Kadının Saadeti: Terbiye-i Diniyede Saklı Bir Hazine
Kadının Saadeti: Terbiye-i Diniyede Saklı Bir Hazine
> “Kadınların saadet-i uhreviyesi gibi saadet-i dünyeviyeleri de ve fıtratlarındaki ulvi seciyeleri de bozulmaktan kurtulmanın çare-i yegânesi, daire-i İslâmiyedeki terbiye-i diniyeden başka yoktur!”
(Lem’alar, 24. Lema)
********
Zamanımızda kadın, bir yönüyle yükseltiliyor gibi gösterilirken, diğer yönüyle tarih boyunca hiç olmadığı kadar yıpratılmakta ve yozlaştırılmaktadır.
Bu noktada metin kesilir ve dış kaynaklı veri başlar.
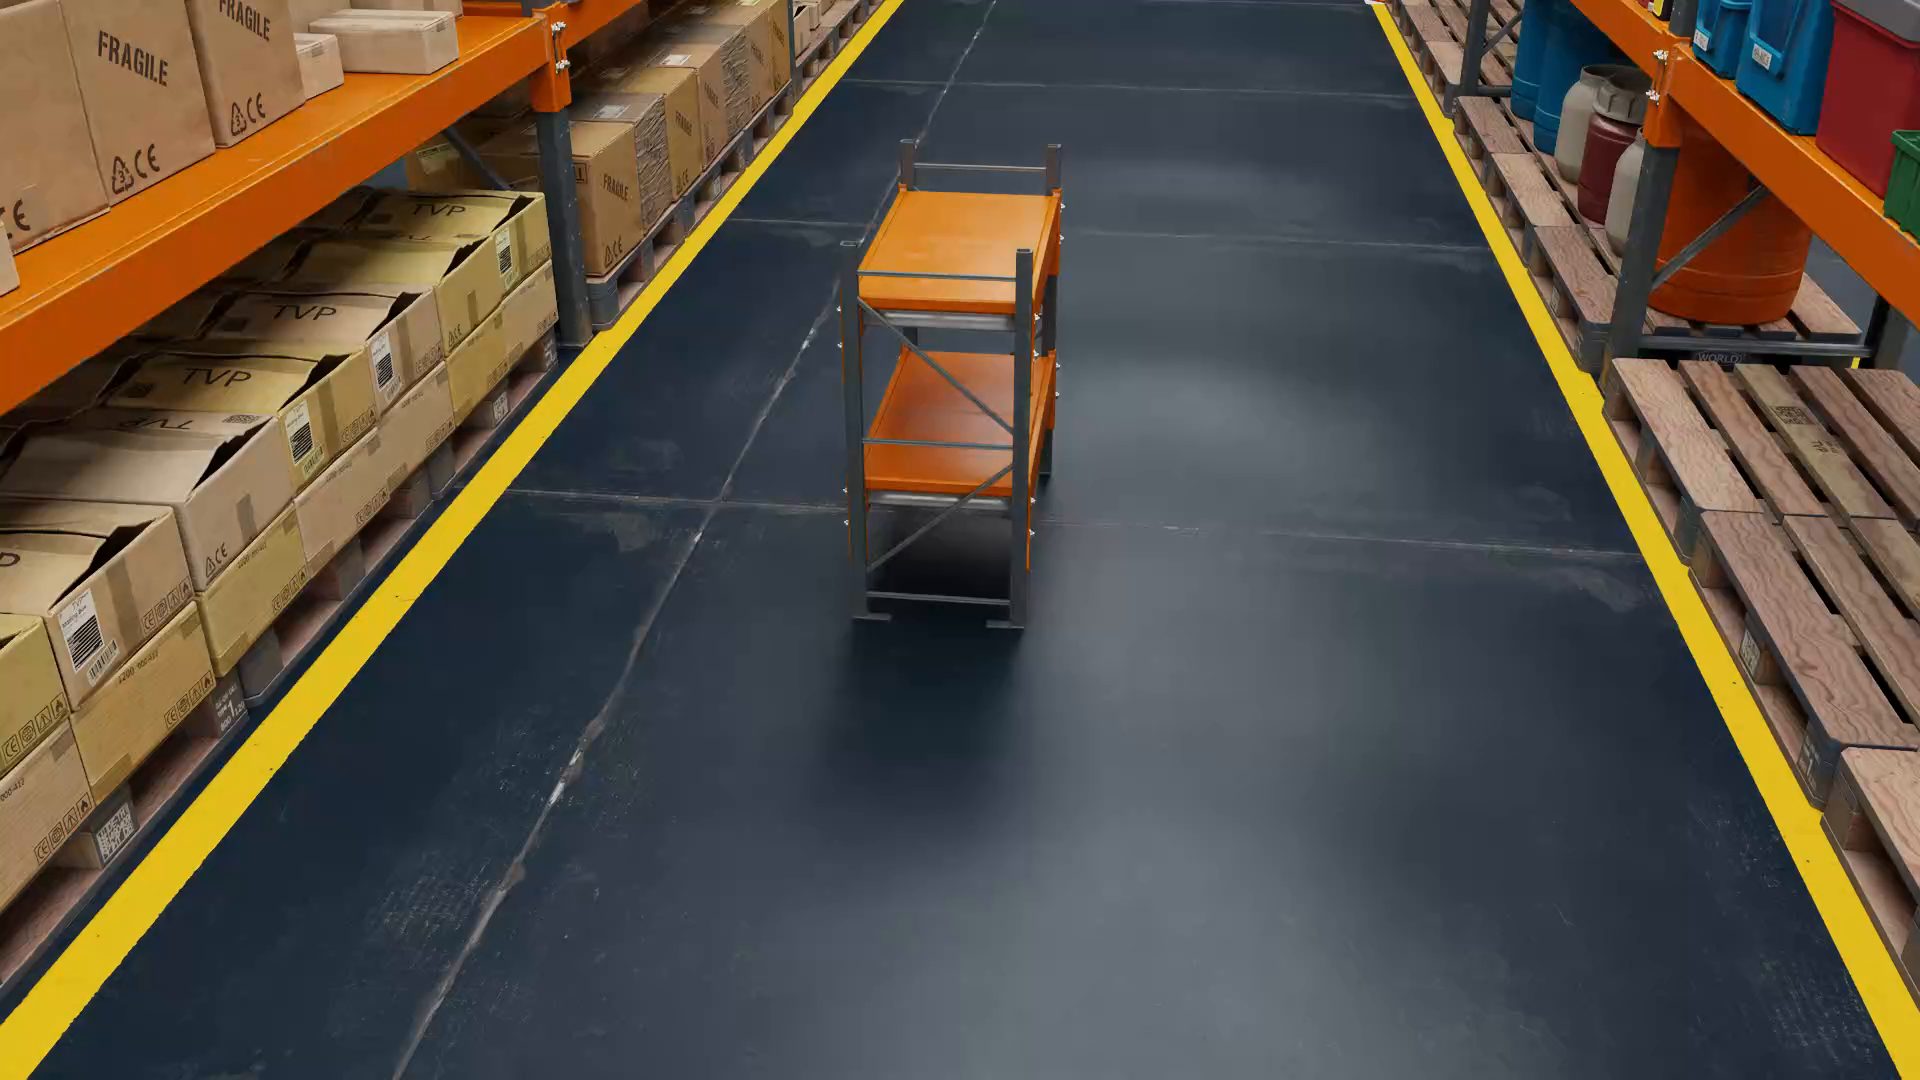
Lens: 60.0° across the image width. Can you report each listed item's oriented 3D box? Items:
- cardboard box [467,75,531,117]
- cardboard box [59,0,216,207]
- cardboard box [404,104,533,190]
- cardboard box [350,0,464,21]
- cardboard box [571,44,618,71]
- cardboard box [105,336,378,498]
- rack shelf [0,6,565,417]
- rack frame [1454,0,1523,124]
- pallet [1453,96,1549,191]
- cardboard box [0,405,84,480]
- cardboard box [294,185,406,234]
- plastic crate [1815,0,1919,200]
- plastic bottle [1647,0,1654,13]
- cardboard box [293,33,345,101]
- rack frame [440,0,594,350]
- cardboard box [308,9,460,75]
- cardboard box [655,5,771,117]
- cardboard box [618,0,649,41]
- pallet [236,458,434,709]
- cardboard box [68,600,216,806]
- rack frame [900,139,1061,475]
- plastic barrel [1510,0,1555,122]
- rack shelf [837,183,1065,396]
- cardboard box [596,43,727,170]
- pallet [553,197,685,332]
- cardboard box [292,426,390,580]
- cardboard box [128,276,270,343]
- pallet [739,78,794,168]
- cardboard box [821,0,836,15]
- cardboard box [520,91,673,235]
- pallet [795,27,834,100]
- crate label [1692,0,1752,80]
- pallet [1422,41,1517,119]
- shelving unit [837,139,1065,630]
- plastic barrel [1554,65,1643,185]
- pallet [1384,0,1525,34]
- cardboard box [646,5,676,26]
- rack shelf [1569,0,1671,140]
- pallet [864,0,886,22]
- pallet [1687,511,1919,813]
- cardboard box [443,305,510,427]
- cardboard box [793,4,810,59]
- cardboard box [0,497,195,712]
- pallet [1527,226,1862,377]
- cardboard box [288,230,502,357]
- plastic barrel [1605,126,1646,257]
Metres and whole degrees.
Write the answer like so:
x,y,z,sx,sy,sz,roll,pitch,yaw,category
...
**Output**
x,y,z,sx,sy,sz,roll,pitch,yaw,category
-2.112,-2.044,7.262,0.500,0.250,0.500,4,29,8,cardboard box
-2.250,-1.145,4.108,0.500,0.500,0.500,3,28,6,cardboard box
-2.115,-1.687,7.390,0.500,0.500,0.500,4,29,8,cardboard box
-2.084,-1.932,5.767,0.500,0.311,0.500,5,29,9,cardboard box
-1.993,-2.178,8.302,0.500,0.500,0.500,2,28,4,cardboard box
-2.001,-0.382,4.662,0.500,0.311,0.500,4,29,8,cardboard box
-2.241,-0.882,4.482,1.077,0.370,4.000,3,28,6,rack shelf
3.409,-3.733,9.017,1.000,3.000,0.127,3,28,6,rack frame
3.274,-2.145,9.008,1.003,0.211,1.213,3,28,6,pallet
-2.600,-0.166,4.260,0.500,0.311,0.500,3,28,6,cardboard box
-2.352,-1.132,6.053,0.500,0.311,0.500,4,29,8,cardboard box
2.418,-1.136,4.128,0.402,0.464,0.583,3,28,6,plastic crate
2.578,-2.031,6.067,0.097,0.201,0.097,0,28,0,plastic bottle
-2.097,-1.426,4.999,0.380,0.149,0.250,5,29,10,cardboard box
-1.996,-2.140,6.059,1.000,3.000,0.127,3,28,6,rack frame
-1.832,-1.590,5.303,0.380,0.149,0.250,3,28,6,cardboard box
-1.351,-2.635,9.150,0.500,0.500,0.500,3,29,6,cardboard box
-1.930,-2.762,8.595,0.500,0.250,0.500,3,29,6,cardboard box
-2.288,0.046,4.943,1.003,0.211,1.213,3,28,6,pallet
-2.127,0.353,3.889,0.500,0.250,0.500,4,29,7,cardboard box
0.063,-0.738,5.433,0.500,1.125,0.032,3,28,6,rack frame
3.326,-2.739,8.941,0.600,0.901,0.708,3,28,6,plastic barrel
0.001,-0.756,4.850,0.538,0.278,1.000,3,28,6,rack shelf
-1.473,-2.159,8.267,0.500,0.500,0.500,2,28,4,cardboard box
-1.867,-1.261,7.369,1.003,0.211,1.213,3,28,6,pallet
-2.003,-0.131,4.786,0.500,0.250,0.500,4,29,7,cardboard box
-2.473,-0.644,5.148,0.500,0.311,0.500,3,28,5,cardboard box
-1.568,-2.410,9.501,1.003,0.211,1.213,3,28,6,pallet
-1.281,-4.002,11.684,0.797,0.503,0.637,3,28,6,cardboard box
-1.598,-1.677,7.373,0.500,0.500,0.500,2,28,4,cardboard box
-1.421,-3.118,10.816,1.003,0.211,1.213,3,28,6,pallet
2.496,-1.600,5.234,0.303,0.233,0.416,3,28,6,crate label
3.461,-2.854,10.325,1.003,0.211,1.213,3,28,6,pallet
0.001,-0.498,4.989,0.538,1.125,1.048,3,28,6,shelving unit
3.081,-1.974,7.931,0.421,0.512,0.421,0,28,0,plastic barrel
3.760,-4.002,12.457,1.003,0.211,1.213,3,28,6,pallet
-1.862,-2.651,9.179,0.500,0.500,0.500,4,29,7,cardboard box
3.164,-2.475,7.440,1.077,0.370,4.000,3,28,6,rack shelf
-1.122,-4.267,12.948,1.003,0.211,1.213,3,28,6,pallet
2.634,0.312,4.447,1.003,0.211,1.213,3,28,6,pallet
-1.878,-0.610,5.675,0.500,0.250,0.500,3,28,6,cardboard box
-1.240,-3.218,10.431,0.500,0.311,0.500,3,28,6,cardboard box
-2.122,0.106,3.755,0.500,0.311,0.500,3,28,6,cardboard box
2.975,-0.996,6.876,1.003,0.211,1.213,3,28,6,pallet
-1.873,-0.855,5.540,0.500,0.311,0.500,3,28,5,cardboard box
2.943,-1.442,6.945,0.421,0.512,0.421,0,28,0,plastic barrel

Sözde özgürlüklerin, moda akımlarının, reklamların ve modern eğlence kültürünün ortasında kadın, nefsin pençesine terk edilmekte; hakiki saadetten uzaklaştırılmaktadır.
Oysa Bediüzzaman Said Nursî’nin dikkat çektiği gibi, kadının hem dünya hem ahiret saadeti, yalnızca İslâm terbiyesi ile mümkündür. Bu terbiye, kadının fıtratına uygun olan hakiki hürriyeti, izzeti ve fazileti temin eder.
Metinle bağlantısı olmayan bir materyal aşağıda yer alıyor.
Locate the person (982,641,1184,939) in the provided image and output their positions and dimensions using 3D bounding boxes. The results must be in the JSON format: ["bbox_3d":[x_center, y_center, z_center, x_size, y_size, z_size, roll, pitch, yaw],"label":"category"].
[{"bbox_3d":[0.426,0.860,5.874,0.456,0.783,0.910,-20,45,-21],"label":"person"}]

Fıtrata Aykırı Bir Değişim: Kadının Zorlanmış Dönüşümü
Kadın, yaratılışı gereği naif, şefkatli, merhametli ve hayâ sahibidir. Bu hasletler, onun ulvî seciyeleridir. Ne var ki modern hayat, bu özellikleri zayıflık gibi sunmakta; kadını erkekleşmeye, iffetsizleşmeye, rekabetçi ve gösterişçi bir ruha bürünmeye zorlamaktadır. Neticede kadın, fıtratına ters düşen bir yaşama itildiği için hem iç dünyasında çatışma yaşamakta, hem de aile ve toplum yapısını zayıflatmaktadır.
Terbiye-i Diniye: Kadının Gerçek Sığınağı
İslâm terbiyesi ise kadına, yaratılışına en uygun hayat biçimini sunar. Ona iffet zırhını, hayâ kalkanını, şefkat tahtını verir. Kadın, bu terbiye ile hem haysiyetini korur, hem de ailede ve toplumda asli görevlerini huzurla ifa eder. İbadetle, ahlâk ile ve takva ile beslenen bir kadın, sadece kendini değil, nesli de ıslah eder. O, bir medeniyetin mayası olur.
Rusya Misali: Terbiyesizliğin Acı Akıbeti
Bediüzzaman’ın “Rusya’da o biçare taifenin ne hale girdiğini işitiyorsunuz” cümlesi, 20. yüzyıl başlarında yaşanan bir toplumsal facianın özetidir. Komünist ideolojinin “kadını özgürleştirme” bahanesiyle uyguladığı politikalar, kadını aileden koparmış, iffeti hiçe saymış ve neticede onu sadece emek gücü olarak kullanmış; kalbini, ruhunu, anneliğini çürütmüştür. Kadının saadeti değil, çilesi artmıştır.
Netice: Kurtuluşun Yegâne Yolu
Bugün de aynı tehlike farklı formlarda devam etmektedir. Moda, medya, eğlence, kariyer baskısı gibi araçlarla kadın, aslî kimliğinden uzaklaştırılmak istenmektedir. Ancak bu çöküşten kurtuluş, yalnızca İslâm’ın eğitim ve edep dairesine dönmekle mümkündür.
Kadın, ancak bu dairede hem dünya huzurunu, hem de ahiret selametini elde eder. Hem kendisi saadete kavuşur, hem de topluma huzur yayar. Çünkü o, terbiye edilmiş bir kalple hem bir eş, hem bir anne, hem de bir nesil mimarı olur.
Özet:
Bu makale, kadının dünya ve ahiret saadetinin yalnızca İslâmî terbiyeyle mümkün olduğunu vurgular. Modern hayatın kadını fıtratına aykırı bir şekilde şekillendirmeye çalıştığı; bunun da iç huzursuzluk, aile çözülmesi ve toplumsal yozlaşmaya sebep olduğu belirtilmiştir. Bediüzzaman’ın örnek verdiği Rusya misaliyle, terbiye-i diniyenin ne kadar hayati bir korunma kalkanı olduğu gösterilmiştir. Sonuç olarak, kadın için kurtuluş ve huzur; ancak İslâm’ın rahmetli ve fıtrî dairesinde mümkündür.